- [TASK GOAL]:
Scan the lines below for "Lengths" and copy the matches.

(TASK INPUTS)

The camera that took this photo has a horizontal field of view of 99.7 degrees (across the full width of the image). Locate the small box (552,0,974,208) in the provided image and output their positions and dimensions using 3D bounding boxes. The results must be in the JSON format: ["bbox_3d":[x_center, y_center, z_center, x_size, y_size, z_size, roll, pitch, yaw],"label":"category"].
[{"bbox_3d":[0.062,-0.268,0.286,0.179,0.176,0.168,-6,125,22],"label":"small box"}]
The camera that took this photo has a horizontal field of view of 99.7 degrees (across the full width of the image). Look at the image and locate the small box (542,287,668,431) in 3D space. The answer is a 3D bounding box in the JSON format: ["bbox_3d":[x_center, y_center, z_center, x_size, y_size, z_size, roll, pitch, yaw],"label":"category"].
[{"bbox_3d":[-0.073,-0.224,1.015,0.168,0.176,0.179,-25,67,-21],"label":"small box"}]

(End TASK INPUTS)
(TASK INPUTS)

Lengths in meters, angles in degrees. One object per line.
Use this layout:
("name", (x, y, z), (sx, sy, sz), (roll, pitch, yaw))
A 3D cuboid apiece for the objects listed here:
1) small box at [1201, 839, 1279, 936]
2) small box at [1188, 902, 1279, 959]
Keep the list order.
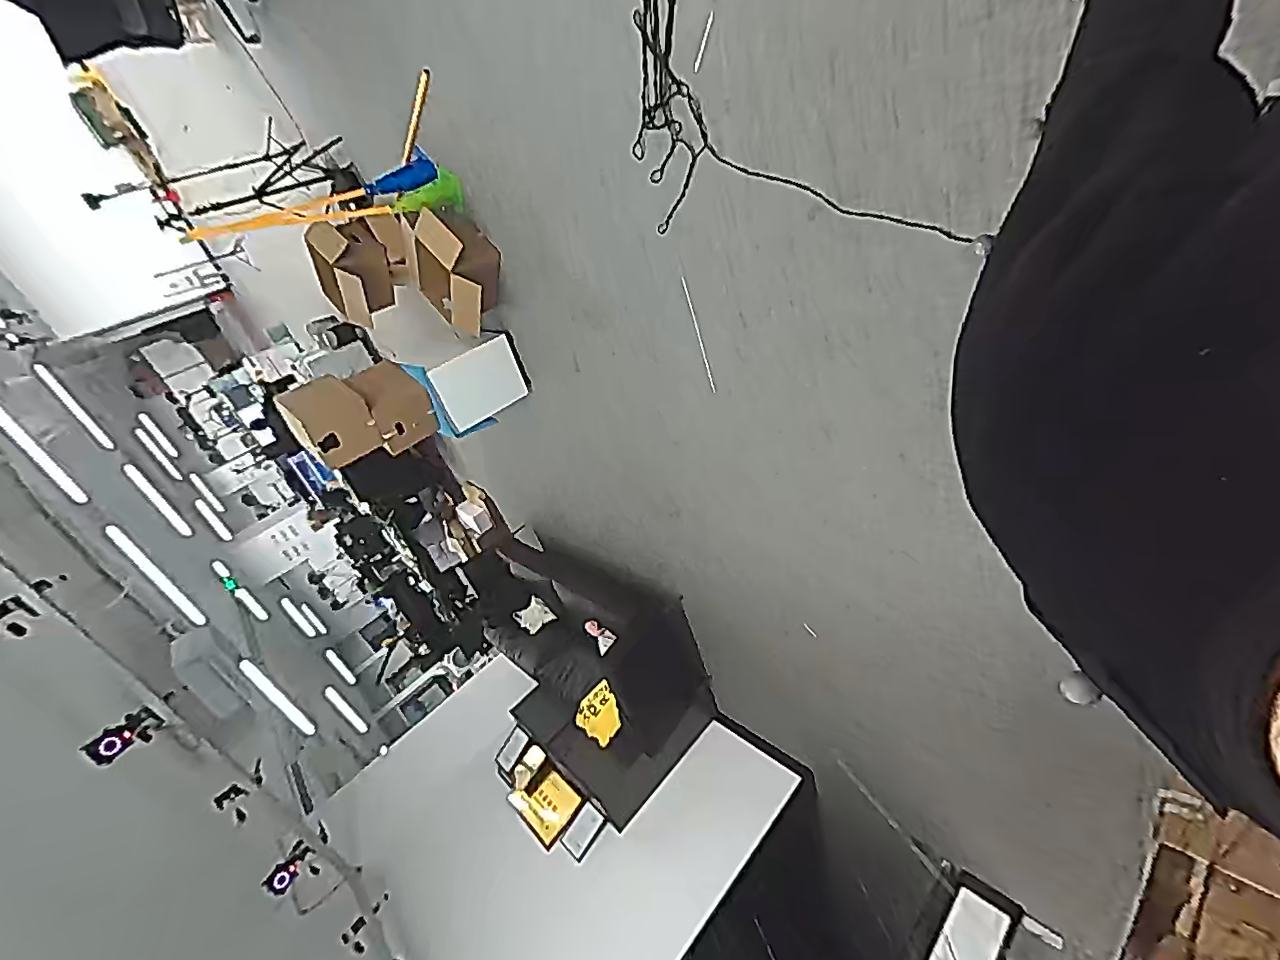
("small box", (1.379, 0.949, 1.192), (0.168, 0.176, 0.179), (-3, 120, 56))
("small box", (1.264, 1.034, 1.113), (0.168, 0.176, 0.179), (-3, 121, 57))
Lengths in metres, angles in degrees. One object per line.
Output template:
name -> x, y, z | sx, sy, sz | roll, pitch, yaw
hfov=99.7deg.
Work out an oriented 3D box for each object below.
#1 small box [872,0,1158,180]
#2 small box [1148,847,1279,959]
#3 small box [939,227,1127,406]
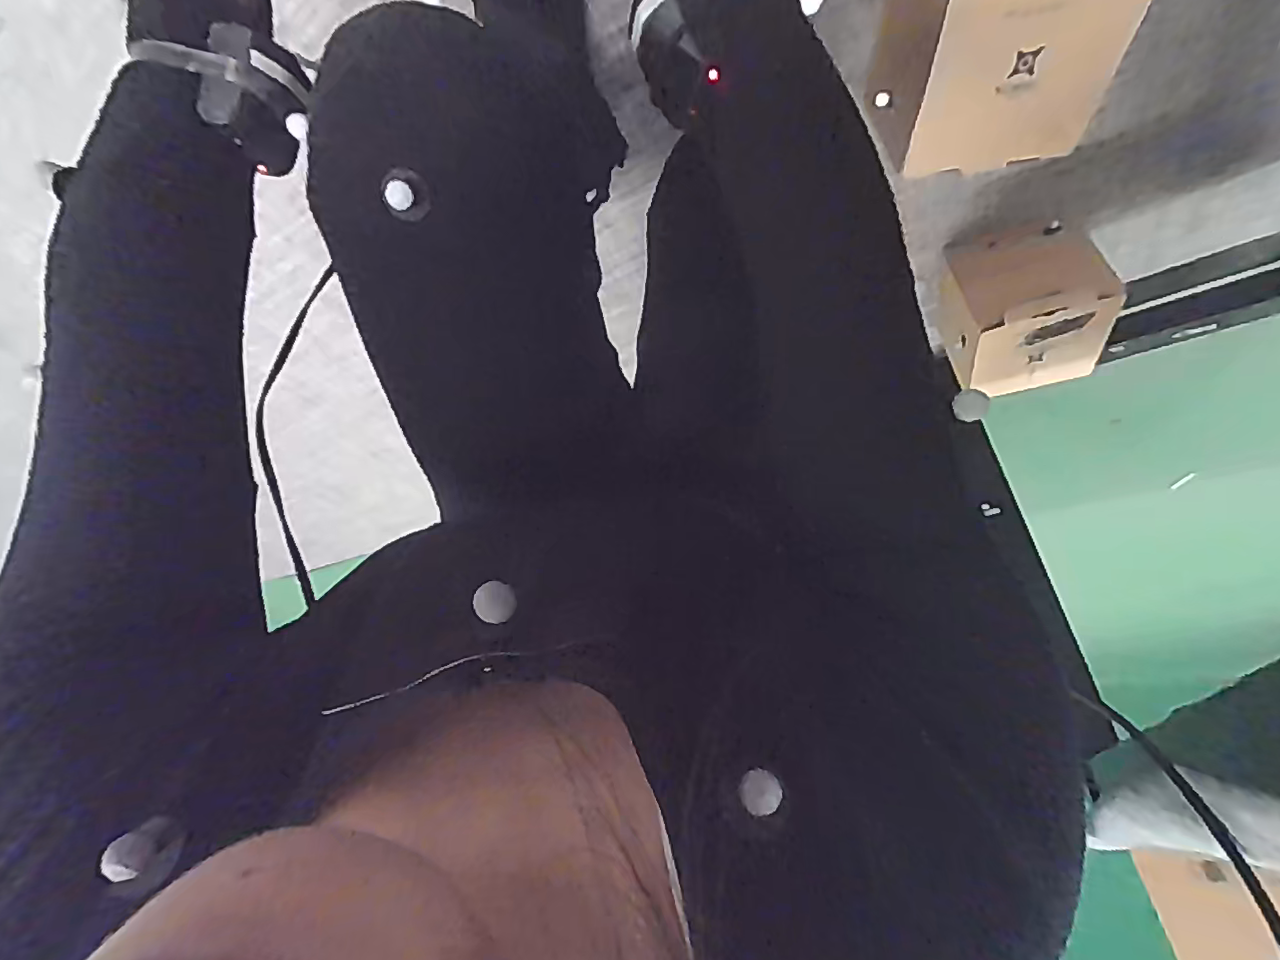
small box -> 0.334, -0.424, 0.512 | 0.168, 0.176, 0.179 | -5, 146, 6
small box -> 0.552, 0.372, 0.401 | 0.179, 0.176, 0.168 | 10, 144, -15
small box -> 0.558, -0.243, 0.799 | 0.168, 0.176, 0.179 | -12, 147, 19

(End TASK INPUTS)
(TASK INPUTS)

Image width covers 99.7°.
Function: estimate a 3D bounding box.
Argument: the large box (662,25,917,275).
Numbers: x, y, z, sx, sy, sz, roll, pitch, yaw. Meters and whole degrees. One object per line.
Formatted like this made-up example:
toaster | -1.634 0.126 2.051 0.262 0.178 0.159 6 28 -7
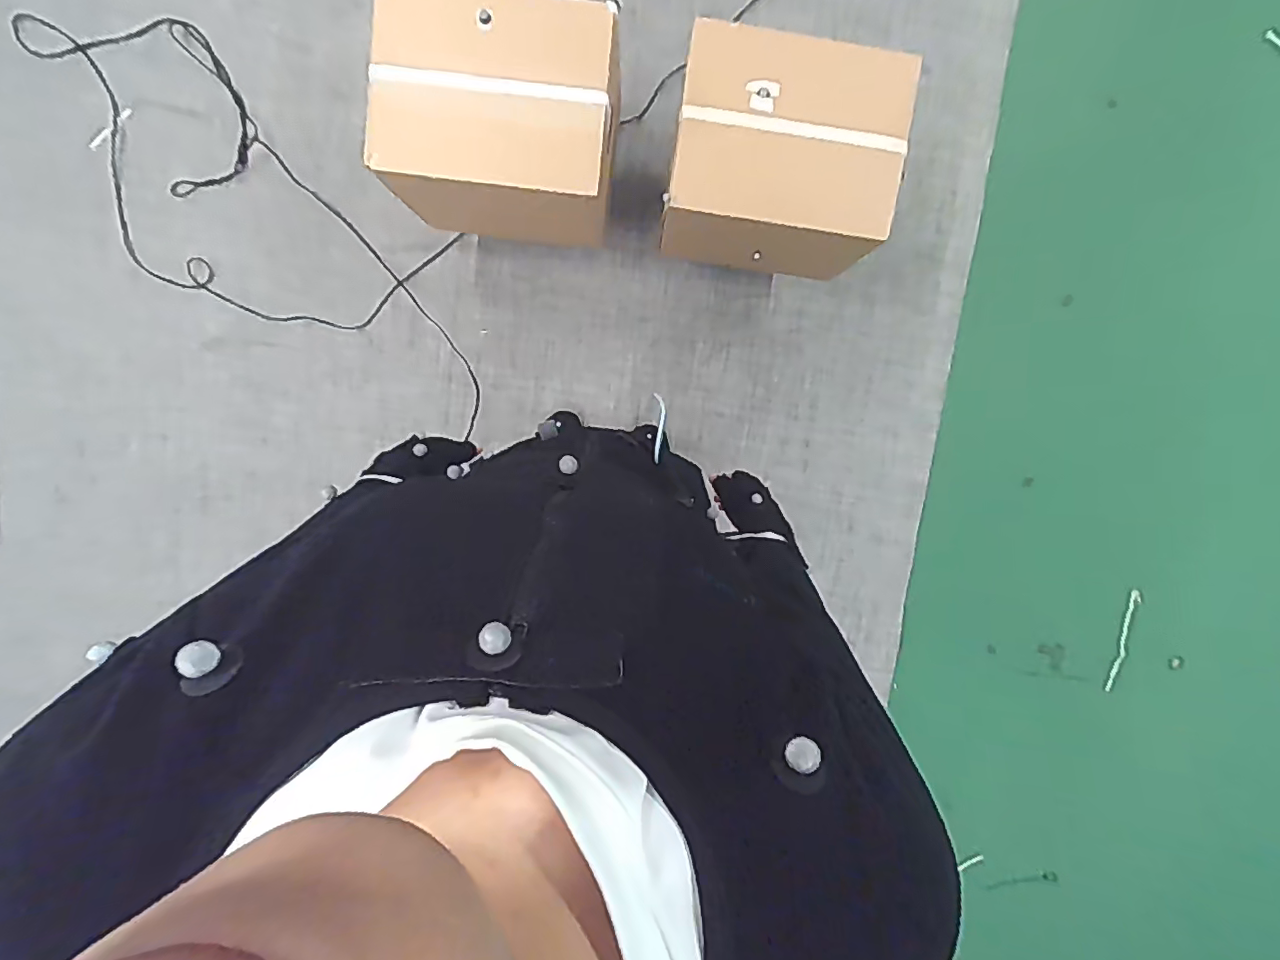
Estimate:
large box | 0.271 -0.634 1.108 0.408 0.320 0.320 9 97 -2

(End TASK INPUTS)

- [RESPONSE TO THIS TASK]:
Lengths in meters, angles in degrees. One object per line.
Lengths in metres, angles in degrees. One object per line.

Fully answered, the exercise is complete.